Since we have a new data structure, which Scalacheck does not know about, we need to describe how to generate data. One way to do it is:

1
2
3
4
5
6
7
implicit def arbStack[T](implicit a: Arbitrary[T]): Arbitrary[CList[T]] = Arbitrary {
  def genStack: Gen[CList[T]] = oneOf(Empty, for {
    v <- arbitrary[T]
    s <- genStack
  } yield s.cons(v))
  genStack
}

It might look a bit complicated, but all it is doing is describing how we can construct arbitrary Stacks. Once this is done, we can start writing our tests by just describing properties:

 1
 2
 3
 4
 5
 6
 7
 8
 9
10
11
12
13
14
15
16
17
18
19
20
21
22
23
test("Stack head") {
  check((s: CList[Int], x: Int) => s.cons(x).head == x)
}

test("Stack tail") {
  check((s: CList[Int], x: Int) => s.cons(x).tail == s)
}

test("Stack append") {
  check((xs: CList[Int], ys: CList[Int]) => size(xs ++ ys) == size(xs) + size(ys))
}

test("Stack update") {
  check((xs: CList[Int], x: Int, i: Int) => {
    if (i >= 0 && i < size(xs)) size(xs.update(x, i)) == size(xs)+1
    else try {
      xs.update(x, i)
      false
    } catch {
      case _:IndexOutOfBoundsException => true
    }
  })
}

Note that we did not provide any sample CList. ScalaCheck will do that for us by testing with various randomly generated CList.

Exercise

Implementing a suffixes operation is provided as an exercise - given a Stack generate all its suffices. So suffixes of [1,2,3] should be [[1,2,3], [2,3], [3], []]. It has to be generating in decreasing order of size. Given our classes, this can be easily done:

 1
 2
 3
 4
 5
 6
 7
 8
 9
10
sealed abstract class CList[+T] extends Stack[T] {
  def suffixes: CList[CList[T]]
}

case object Empty extends CList[Nothing] {
  def suffixes = Cons(Empty, Empty)
}

case class Cons[+T](hd: T, tl: CList[T]) extends CList[T] {
  def suffixes: CList[CList[T]] = Cons(this, tail.suffixes)
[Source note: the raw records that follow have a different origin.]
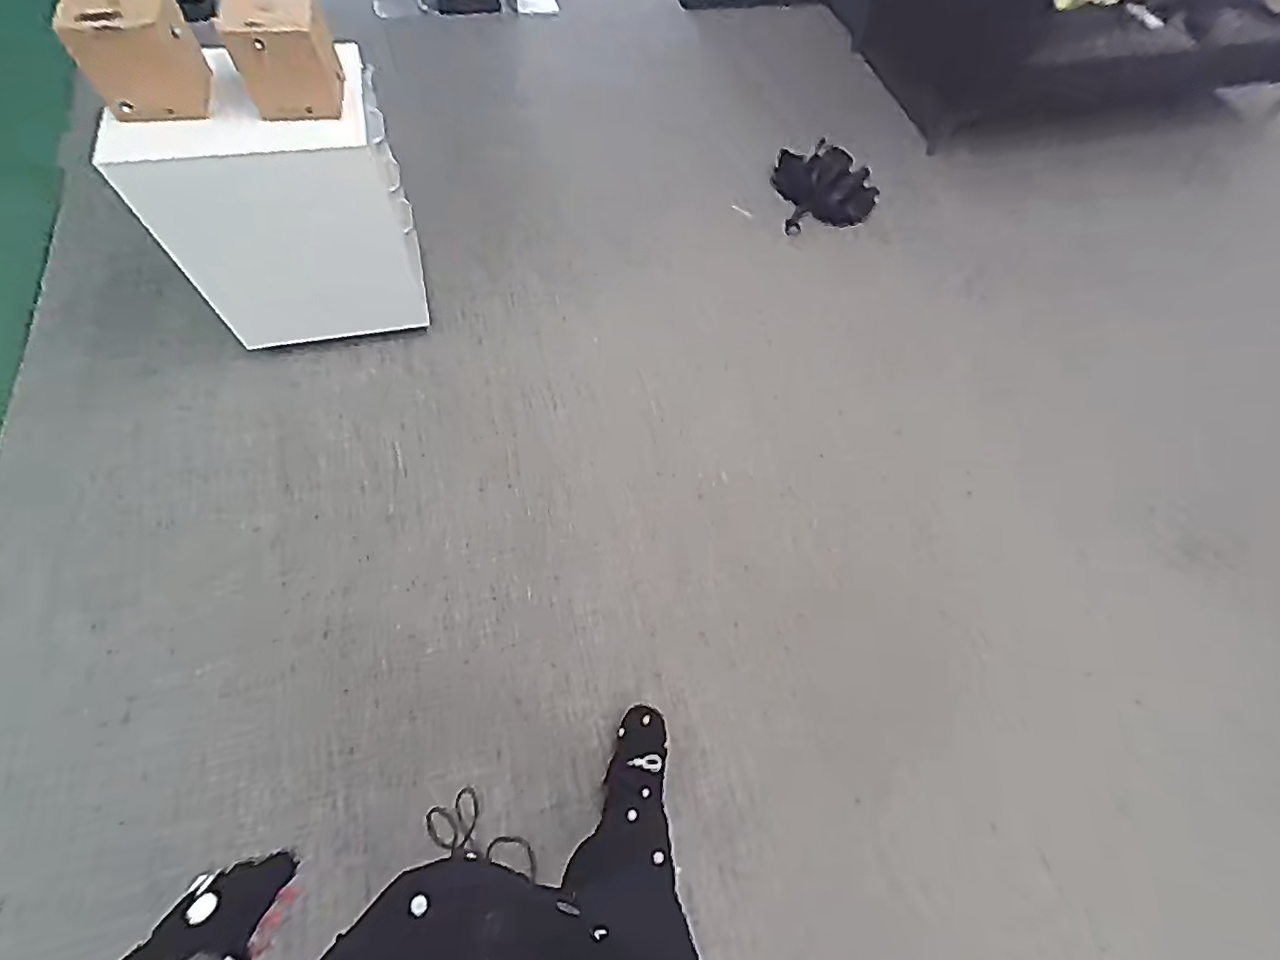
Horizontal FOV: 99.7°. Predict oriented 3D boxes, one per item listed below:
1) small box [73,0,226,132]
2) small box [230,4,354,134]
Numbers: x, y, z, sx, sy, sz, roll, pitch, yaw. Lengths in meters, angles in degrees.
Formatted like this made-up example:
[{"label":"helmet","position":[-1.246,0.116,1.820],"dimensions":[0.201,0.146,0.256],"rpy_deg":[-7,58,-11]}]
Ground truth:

and a simple test which passes:

1
2
3
4
5
6
test("Stack suffixes") {
  check((xs: CList[Int]) => {
    val suffixes = xs.suffixes
    size(suffixes) == size(xs) + 1
  })
}

That is all for a basic implementation of Stack. See the complete code for Stack and the test. We could add many operations like map, filter etc in a similar way. If you are interested, take a look a Scala's implementation of List which is more general and feature rich.